Interconnectors improve integration

Paul Boughton

Around the world, cross-border interconnector technology is helping countries to even out their electricity usage and improve efficiency. Sean Ottewell reports.

In February the first cross-border power interconnection between Bangladesh and India was completed. The 500MW, back-to-back high-voltage direct current (HVDC) system will power up to 180,000 homes and is capable of future expansion to 1000 MW (Fig. 1).

The initial contract was awarded in March 2011 by Power Grid Company of Bangladesh (PGCB) to Siemens. The first 175MW of power flowed from India to Bangladesh in September last year. This is the first such electricity grid interconnection among South Asian Association for Regional Cooperation (SAARC) countries.

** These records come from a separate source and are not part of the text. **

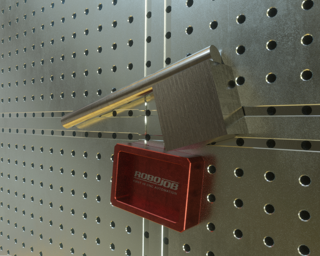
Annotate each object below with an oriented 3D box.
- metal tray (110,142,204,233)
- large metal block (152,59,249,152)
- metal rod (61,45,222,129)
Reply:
[{"bbox_3d":[-0.009,0.072,0.411,0.130,0.030,0.089,8,95,39],"label":"metal tray"},{"bbox_3d":[0.044,-0.022,0.355,0.080,0.050,0.080,-19,78,38],"label":"large metal block"},{"bbox_3d":[-0.049,-0.047,0.447,0.300,0.025,0.025,-18,79,38],"label":"metal rod"}]
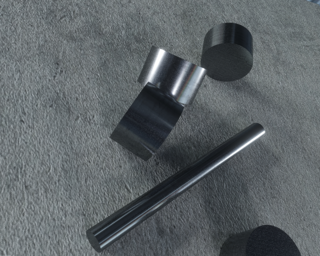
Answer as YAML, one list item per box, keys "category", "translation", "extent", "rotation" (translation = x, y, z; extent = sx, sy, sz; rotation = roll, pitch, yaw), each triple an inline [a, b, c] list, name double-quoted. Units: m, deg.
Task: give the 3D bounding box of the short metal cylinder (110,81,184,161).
- category: "short metal cylinder"
  translation: [-0.016, -0.008, 0.365]
  extent: [0.050, 0.080, 0.080]
  rotation: [35, 51, -6]

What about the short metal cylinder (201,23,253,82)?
- category: "short metal cylinder"
  translation: [0.109, -0.121, 0.501]
  extent: [0.080, 0.080, 0.050]
  rotation: [23, 54, -15]

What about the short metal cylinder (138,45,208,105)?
- category: "short metal cylinder"
  translation: [0.017, -0.071, 0.414]
  extent: [0.080, 0.050, 0.080]
  rotation: [23, 13, -6]

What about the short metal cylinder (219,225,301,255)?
- category: "short metal cylinder"
  translation: [0.115, 0.157, 0.354]
  extent: [0.081, 0.050, 0.080]
  rotation: [14, 56, -21]

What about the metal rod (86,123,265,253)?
- category: "metal rod"
  translation: [0.044, 0.057, 0.392]
  extent: [0.302, 0.025, 0.025]
  rotation: [-26, 76, -37]
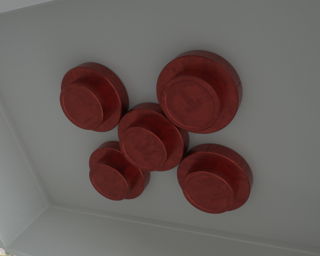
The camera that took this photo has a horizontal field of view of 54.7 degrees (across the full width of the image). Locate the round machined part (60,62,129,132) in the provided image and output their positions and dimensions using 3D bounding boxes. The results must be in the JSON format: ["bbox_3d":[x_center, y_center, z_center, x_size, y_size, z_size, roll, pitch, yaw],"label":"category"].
[{"bbox_3d":[-0.096,-0.036,0.422,0.098,0.042,0.097,13,124,20],"label":"round machined part"}]

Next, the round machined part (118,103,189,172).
[{"bbox_3d":[-0.014,0.019,0.413,0.098,0.042,0.097,13,124,20],"label":"round machined part"}]

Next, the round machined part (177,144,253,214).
[{"bbox_3d":[0.067,0.072,0.404,0.098,0.042,0.097,13,124,20],"label":"round machined part"}]

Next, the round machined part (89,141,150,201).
[{"bbox_3d":[-0.068,0.072,0.475,0.098,0.042,0.097,13,124,20],"label":"round machined part"}]

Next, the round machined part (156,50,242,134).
[{"bbox_3d":[0.040,-0.035,0.352,0.098,0.042,0.097,13,124,20],"label":"round machined part"}]

The system links India's eastern electrical grid to Bangladesh's western grid. The HVDC station in Bangladesh is connected to the country's existing 230 kV grid. A new 400 kV alternating current high-voltage overhead line provides the cross-border connection to the 400 kV substation in India. This project also enables Bangladesh's power generation from less inefficient diesel power plants to be reduced, helping the country to lower emission levels.

Converter stations

Siemens has also completed the EstLink 2 project, an HVDC link consisting of converter stations in Anttila, Finland, and Püssi, Estonia. Power is now transmitted by the customers, Fingrid - the transmission system operator in Finland, and the Estonian transmission system operator Elering.

The new link increases the power transmission capacity between the countries by a factor of three - increasing it from 350MW to 1000MW.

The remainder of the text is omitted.